Por: Guilherme Bara
Como muitos já devem saber, tenho deficiência visual. Ela é causada por uma retinoze pigmentar (doença degenerativa que causa a má irrigação das células da retina e a perda gradativa da visão).
Estudei no Colégio Dante Alighieri na cidade de São Paulo desde o pré-primário. O Dante é um colégio convencional, longe de ser uma escola especializada no atendimento a pessoas com deficiência visual.

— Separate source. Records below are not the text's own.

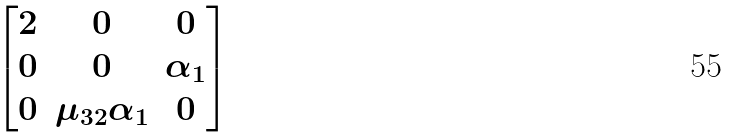Convert formula to latex. <formula><loc_0><loc_0><loc_500><loc_500>\begin{bmatrix} 2 & 0 & 0 \\ 0 & 0 & \alpha _ { 1 } \\ 0 & \mu _ { 3 2 } \alpha _ { 1 } & 0 \end{bmatrix}</formula> 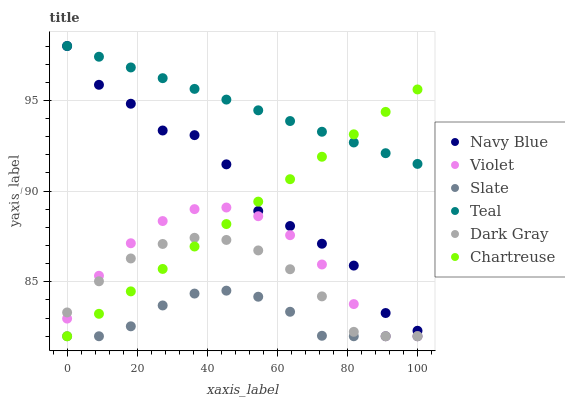Does Slate have the minimum area under the curve?
Answer yes or no. Yes. Does Teal have the maximum area under the curve?
Answer yes or no. Yes. Does Dark Gray have the minimum area under the curve?
Answer yes or no. No. Does Dark Gray have the maximum area under the curve?
Answer yes or no. No. Is Chartreuse the smoothest?
Answer yes or no. Yes. Is Navy Blue the roughest?
Answer yes or no. Yes. Is Slate the smoothest?
Answer yes or no. No. Is Slate the roughest?
Answer yes or no. No. Does Slate have the lowest value?
Answer yes or no. Yes. Does Teal have the lowest value?
Answer yes or no. No. Does Teal have the highest value?
Answer yes or no. Yes. Does Dark Gray have the highest value?
Answer yes or no. No. Is Violet less than Teal?
Answer yes or no. Yes. Is Teal greater than Slate?
Answer yes or no. Yes. Does Slate intersect Dark Gray?
Answer yes or no. Yes. Is Slate less than Dark Gray?
Answer yes or no. No. Is Slate greater than Dark Gray?
Answer yes or no. No. Does Violet intersect Teal?
Answer yes or no. No. 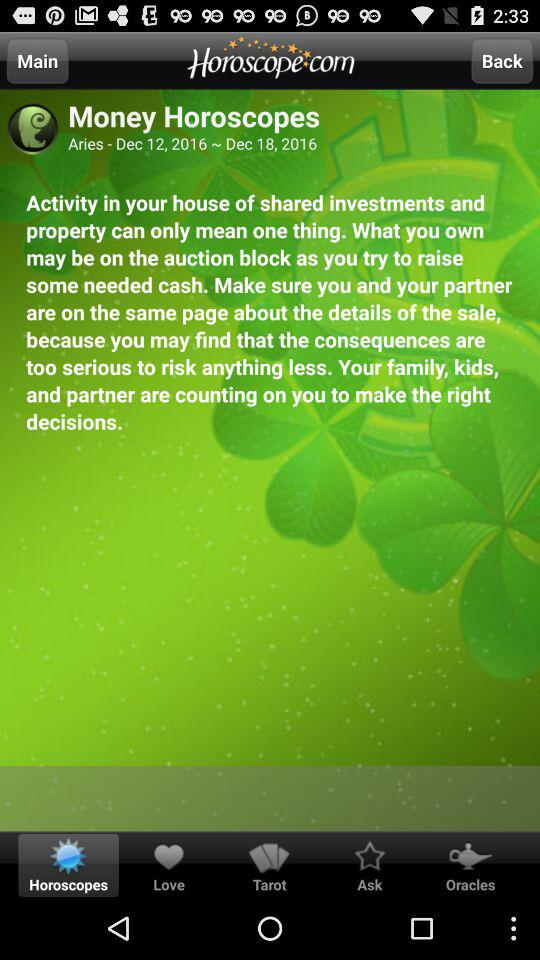For what zodiac sign is the horoscope shown? The horoscope is shown for the Aries zodiac sign. 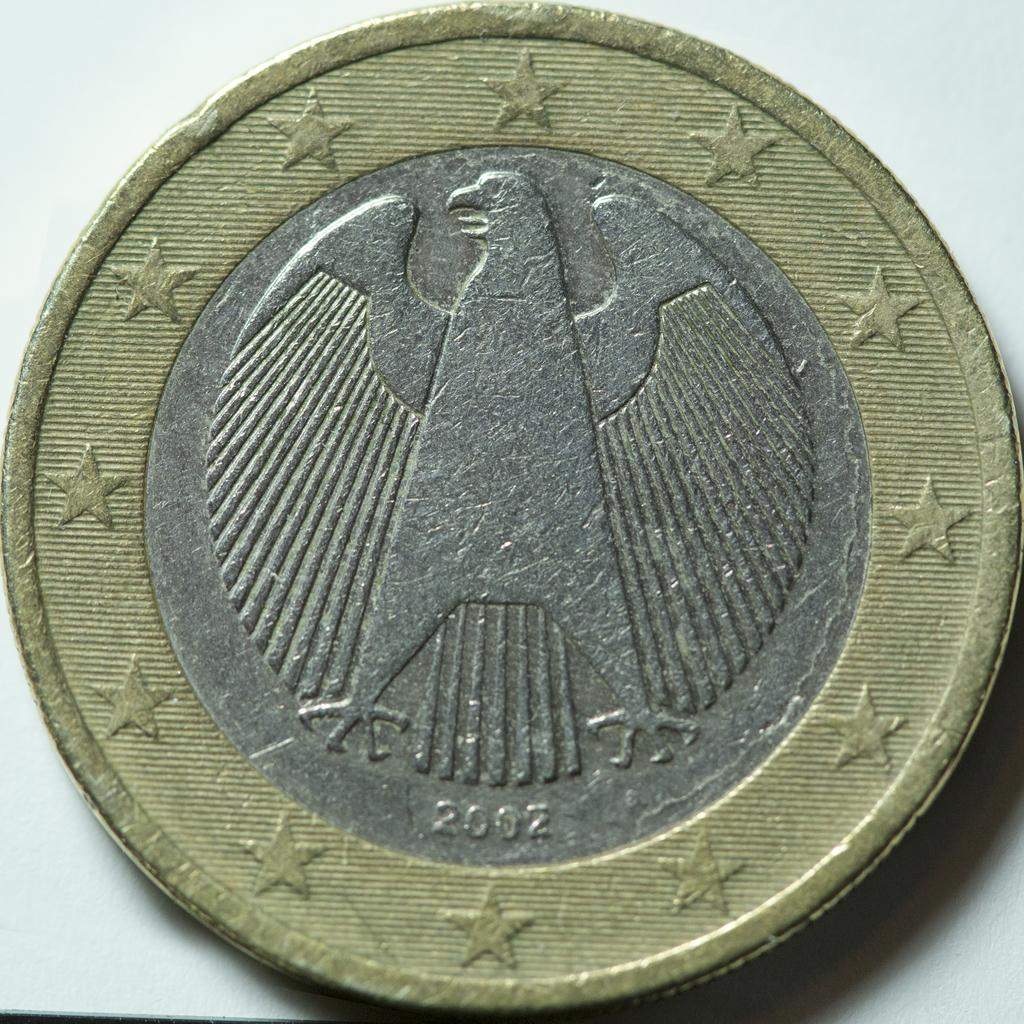<image>
Write a terse but informative summary of the picture. A 2002 coin is two colored and features an eagle.

Penso que ter estudado em uma escola convencional foi fundamental para meu processo de inclusão na sociedade. Ao longo dos anos fui perdendo a visão aos poucos e meus amigos acompanharam todo esse processo.
Claro que minha deficiência estava ali, não tinha como ser desconsiderada por ninguém e nem deveria. Isto era o mais prazeroso; eu interagia de forma natural com meus colegas. As pessoas mais do que viviam, conviviam comigo me aceitando.
Isto só acontecia porque aquelas pessoas do colégio (colegas de classe, professores e funcionários) tinham um contato diário comigo.
No começo, como quase todo mundo, eles ficavam, apenas, observando, vendo como eu fazia as coisas; um pouco com receio de se aproximarem, principalmente os professores e funcionários. Já as crianças chegavam com mais facilidade, menos censuras e menos estratégias, o que facilitava para que todos se sentissem mais à vontade.
Percebiam que eu era mais um aluno, que, obviamente, tinha uma característica incomum. Não enxergava, mas que era um menino que brincava, me divertia, gostava de futebol, conversava na aula e tinha as características semelhantes às crianças da minha turma. Rapidamente a relação era desmistificada e eu me sentia à vontade.
Confesso que nesta época de minha vida, principalmente depois da minha visão ter piorado de forma mais acelerada, eu mesmo tinha dificuldades em aceitar minha deficiência.
Tentava escondê-la, e vocês podem imaginar como é viver querendo esconder uma coisa que todo mundo está vendo. Eu tocava pouco no assunto e meus amigos pouco queriam saber. O que eles queriam saber, eles já sabiam melhor que ninguém, pois estavam comigo todos os dias. E pode ser também que eles se sentissem intimidados pela minha postura de pouco falar sobre o assunto. Era uma situação nova para mim também, pois a retinoze faz com que se perca a visão aos poucos e quando você se acostuma com uma referência visual logo ela já muda e tudo muda.
Vivi toda esta fase e depois todo o processo de aceitação de minha deficiência junto aos meus amigos, convivendo, aprendendo, experimentando, rindo muito, me divertindo e às vezes chorando, mas sempre com eles.
Às vezes penso como teria sido minha formação se tivesse freqüentado uma escola própria para pessoas cegas, se não tivesse meus amigos da escola e do prédio, se meus amigos fossem apenas as crianças que não enxergam. Como eu me relacionaria com o resto do mundo hoje.
Sou casado, pai de uma menina linda que no último dia 29 completou nove meses. Com uma vida profissional bem resolvida, e amizades sólidas, me sinto uma pessoa feliz, muito de bem com a vida. Sou convicto de que ter, desde criança, convivido dentro de instituições regulares, contribuiu bastante para hoje eu ser uma pessoa socialmente incluída.